3.3 Online Estimation Algorithm (OE)
Unlike JE, which requires all items to have initial attribute definitions, OE only needs a small set of anchor items with known attributes. The remaining "new items" require attribute vector definition. Let $\mathbf{Q}_a$ denote anchor items and $\mathbf{Q}_n$ denote new items. The algorithm incrementally adds one new item at a time from $\mathbf{Q}_n$ to $\mathbf{Q}_a$, estimating its attribute vector before proceeding.
The OE algorithm proceeds as follows:
-
Randomly select one item from $\mathbf{Q}_n$ without replacement and add it to $\mathbf{Q}_a$, placing it in the first row.
-
Based on the expanded $\mathbf{Q}_a$, estimate item and examinee parameters from response data, then compute $\hat{\boldsymbol{\tau}}$.
-
For the newly added item, iterate through all possible attribute vectors $\mathbf{q}_j^*$, estimate parameters, and compute $\hat{\boldsymbol{\tau}}$. Select the attribute vector minimizing the distance as the item's estimate.
-
If $\mathbf{Q}_n$ is not empty, repeat step 1; otherwise proceed to step 5.
-
Terminate and output the estimated $\hat{\mathbf{Q}}$.

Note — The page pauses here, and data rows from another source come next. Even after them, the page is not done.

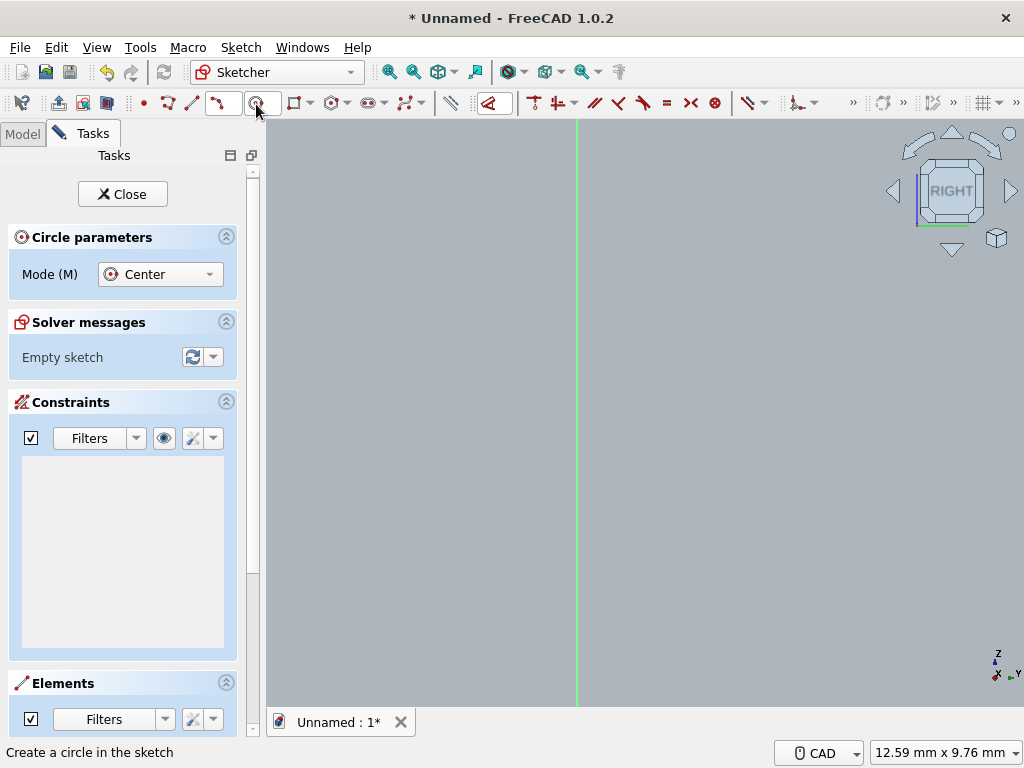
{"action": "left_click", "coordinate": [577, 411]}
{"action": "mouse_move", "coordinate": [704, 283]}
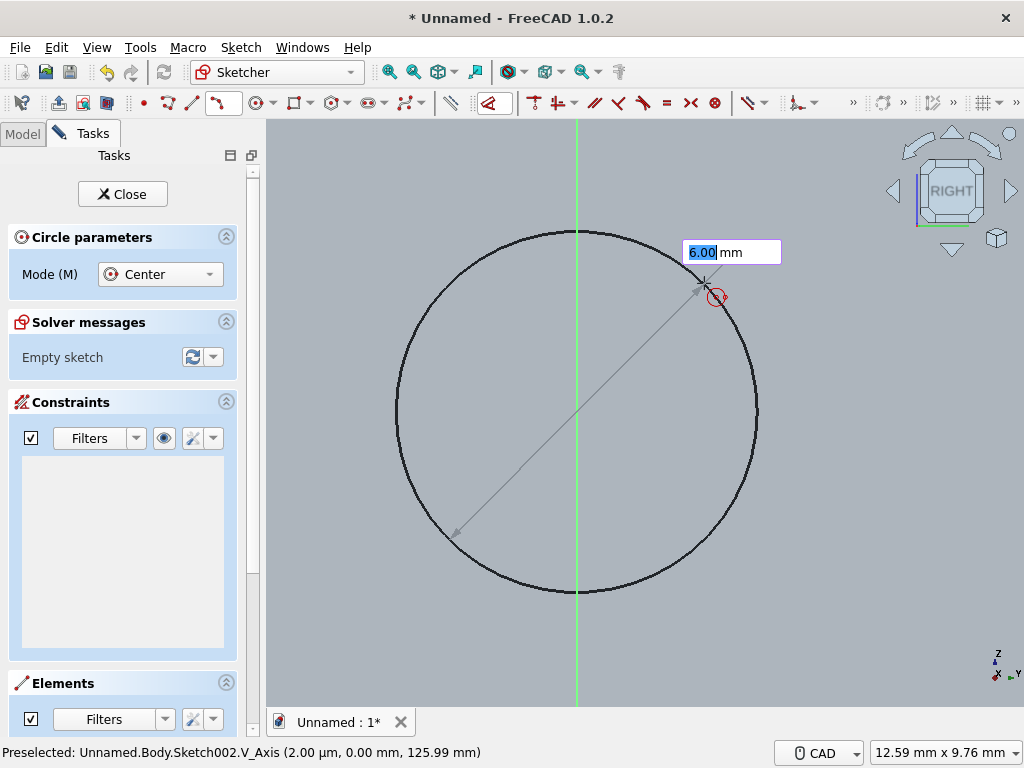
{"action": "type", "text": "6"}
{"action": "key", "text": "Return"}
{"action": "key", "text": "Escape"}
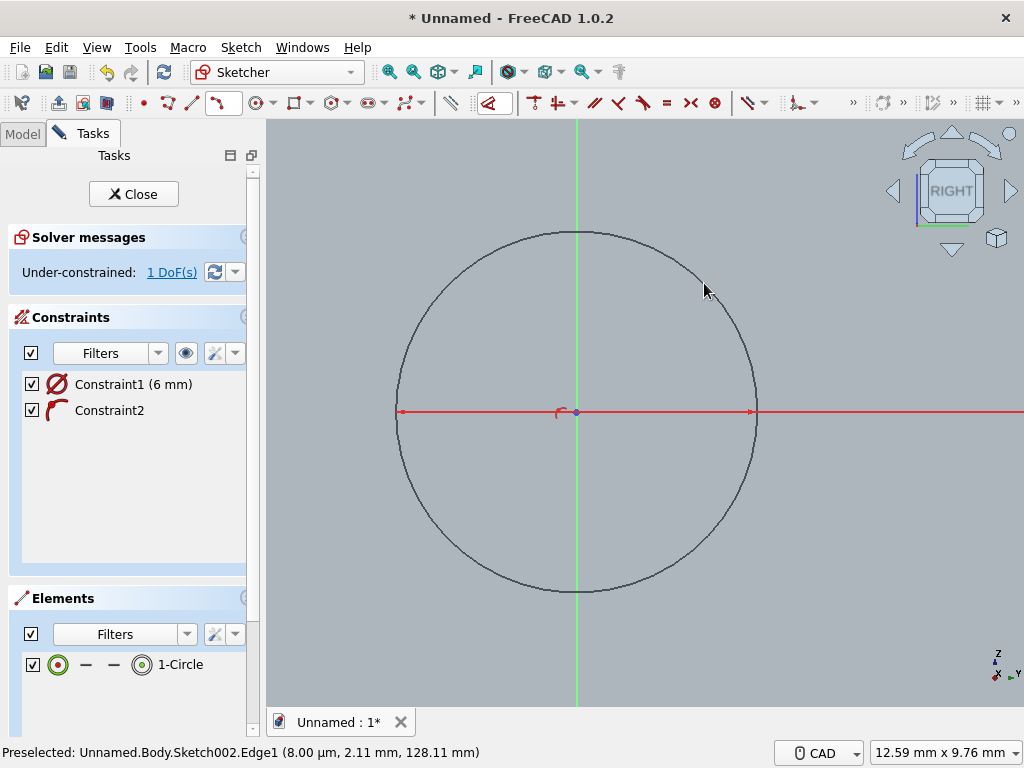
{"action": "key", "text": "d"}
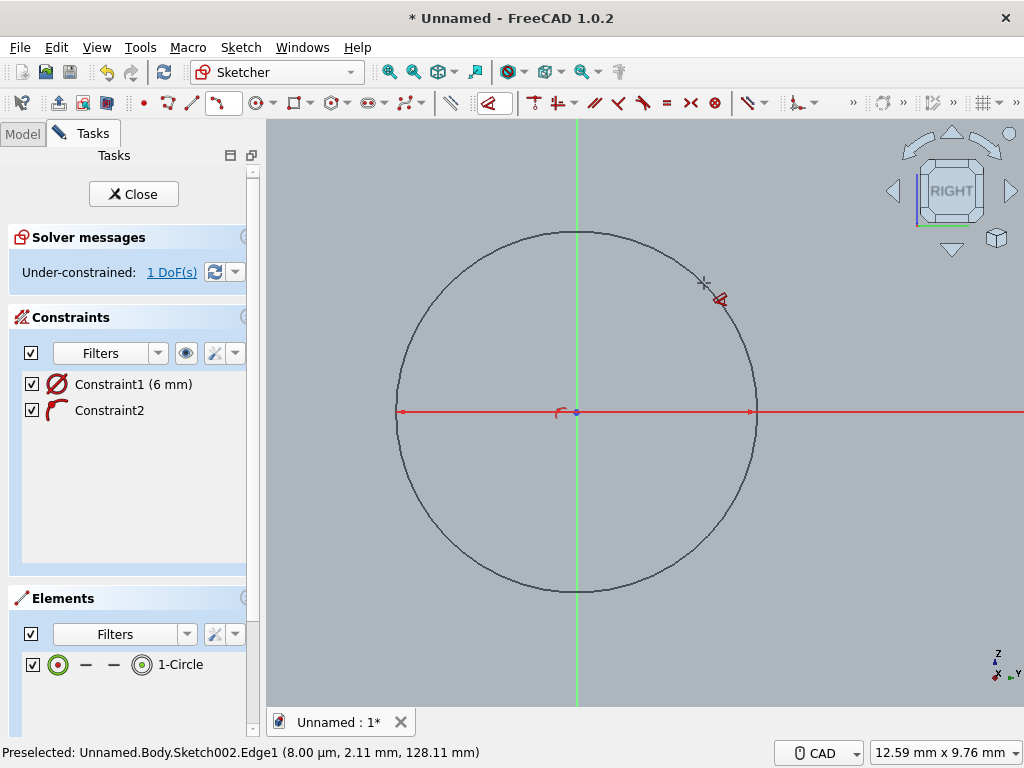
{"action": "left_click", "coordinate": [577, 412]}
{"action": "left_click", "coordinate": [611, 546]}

When the initial anchor set is correct and sufficiently large, this incremental approach avoids the "masking effect" (Fung, 1993; Yuan & Zhong, 2008) caused by introducing multiple erroneous items simultaneously. However, if anchor items contain errors or are too few, OE may produce incorrect estimates for some items, necessitating a "second-stage correction" using JE on the full Q-matrix.
4 Research Design
We evaluate the two algorithms' performance in recovering correct polytomous-attribute Q-matrices across various conditions via simulation studies. We assume an expert-defined initial Q-matrix containing few errors. Two error types are considered: (I) attribute level mis-specification (over- or under-estimation, excluding changes to/from 0), where the true value should be 2 but is specified as 1 or 3; and (II) both level mis-specification and inclusion/exclusion of measured attributes (e.g., incorrectly setting $q_{jk} > 0$ when it should be 0, or vice versa). Error Type II represents general test development scenarios, with Error Type I as a special case.
Given $(L+1)^K$ possible attribute patterns, a sample of 500 examinees would yield only 2.06 examinees per pattern on average, which is insufficient. Therefore, the minimum sample size is set to 1,000.

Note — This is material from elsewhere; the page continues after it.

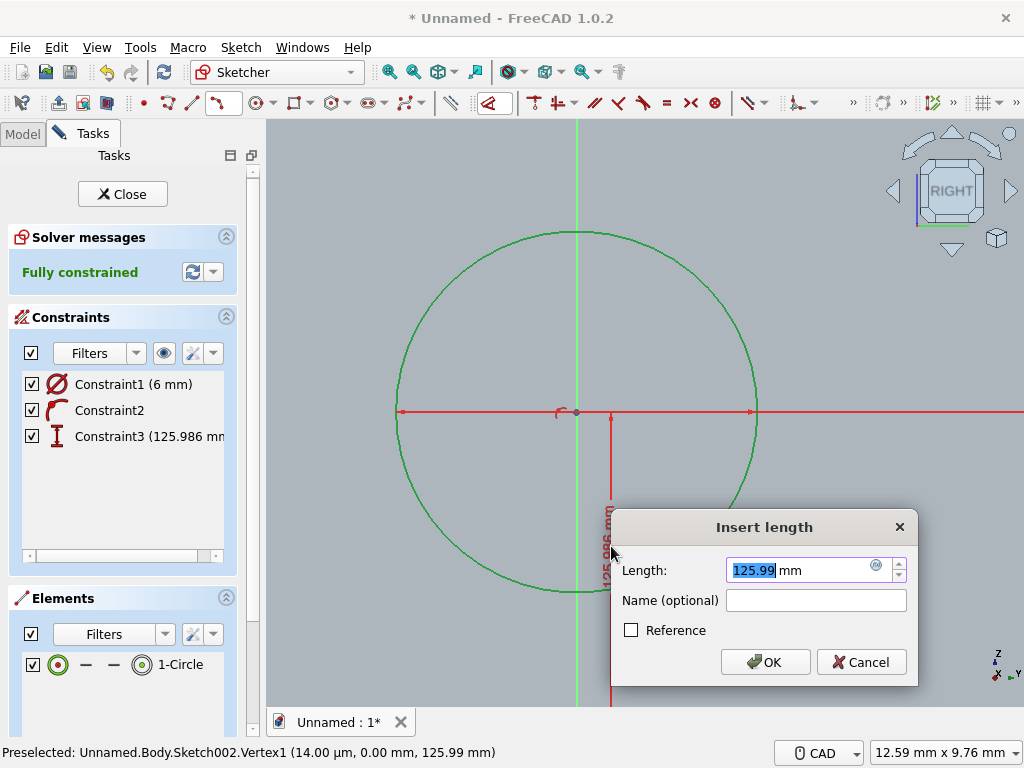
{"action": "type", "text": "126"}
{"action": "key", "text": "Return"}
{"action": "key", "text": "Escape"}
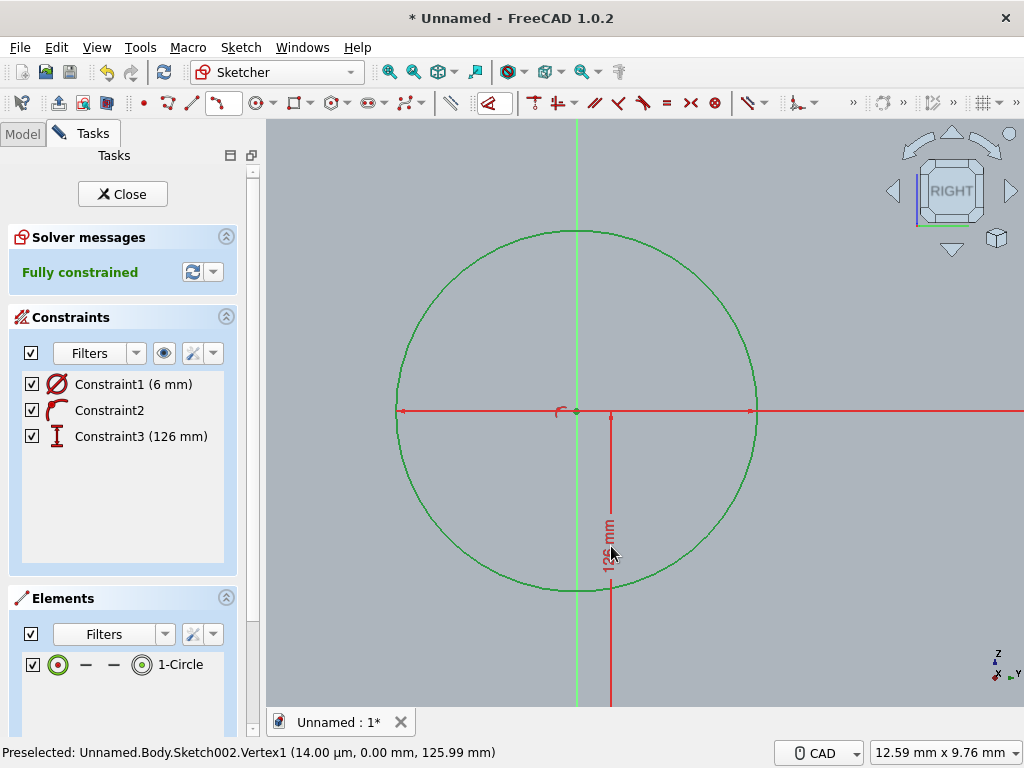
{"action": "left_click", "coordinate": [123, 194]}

4.1 Joint Estimation Algorithm Conditions
For JE, we manipulate four factors: number of items (15 or 30, following Chen & de la Torre, 2013), sample size (1,000, 2,000, or 4,000), number of misspecified items (3, 4, or 5, following Liu et al., 2012), and error type (I or II). This yields $2 \times 3 \times 3 \times 2 = 36$ experimental conditions.
4.2 Online Estimation Algorithm Conditions
For OE, we manipulate: number of items (15 or 30), sample size (1,000, 2,000, or 4,000), and number of anchor items. Following Qin et al. (2015, 2020), for 30-item tests we use 8–15 anchor items (8 levels), and for 15-item tests we use 5–10 anchor items (6 levels). This yields $2 \times 3 \times 8 + 2 \times 3 \times 6 = 84$ conditions.

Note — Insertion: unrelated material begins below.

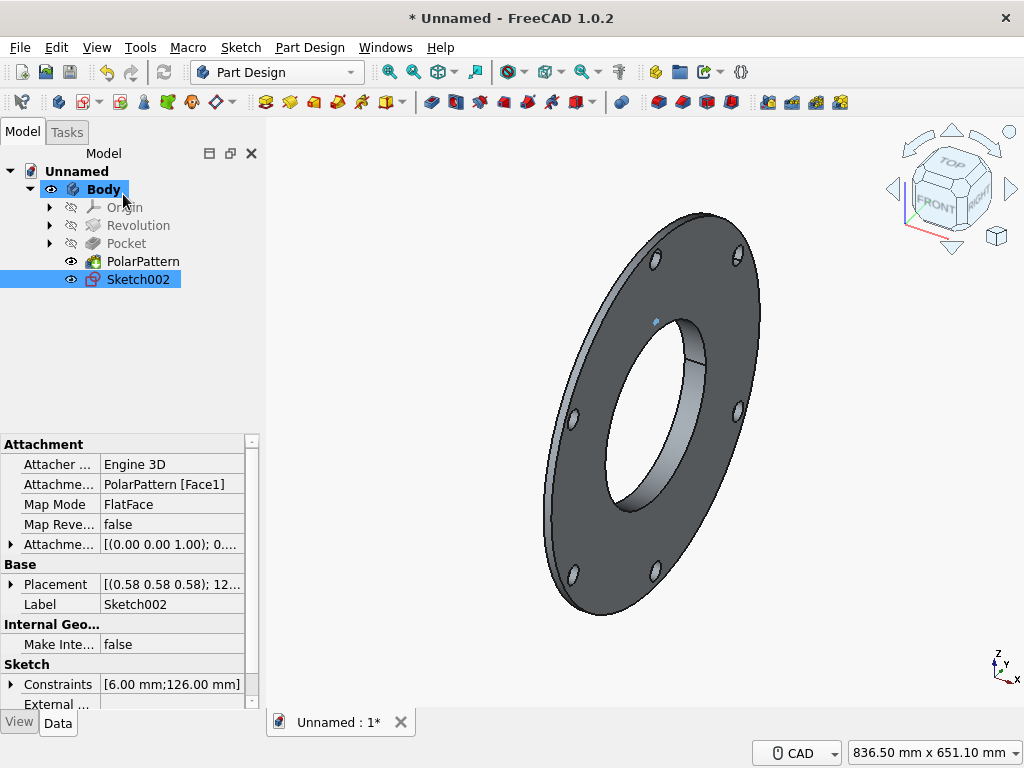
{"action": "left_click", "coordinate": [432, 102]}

4.3 Experimental Design Details
Q-matrix: True Q-matrices for 30-item ($\mathbf{Q}{30}$) and 15-item ($\mathbf{Q}$) tests are provided in Appendix Tables A1 and A2 (Chen & de la Torre, 2013; Yu & Cheng, 2020).
Item Parameters: Guessing and slipping parameters are simulated from uniform distributions.
Examinee Parameters: Attribute mastery patterns follow a uniform distribution.
Response Data: Generated using the p-DINA model based on true Q-matrices and parameters.
Initial Q-matrix: For JE, randomly select items from the true Q-matrix and modify their attribute vectors according to error types I or II (excluding all-zero vectors or correct values). For OE, randomly select anchor items; new items' initial attribute vectors are randomly generated (excluding zero vectors or correct vectors).
Parameter Estimation: Implemented in MATLAB with 100 replications per condition.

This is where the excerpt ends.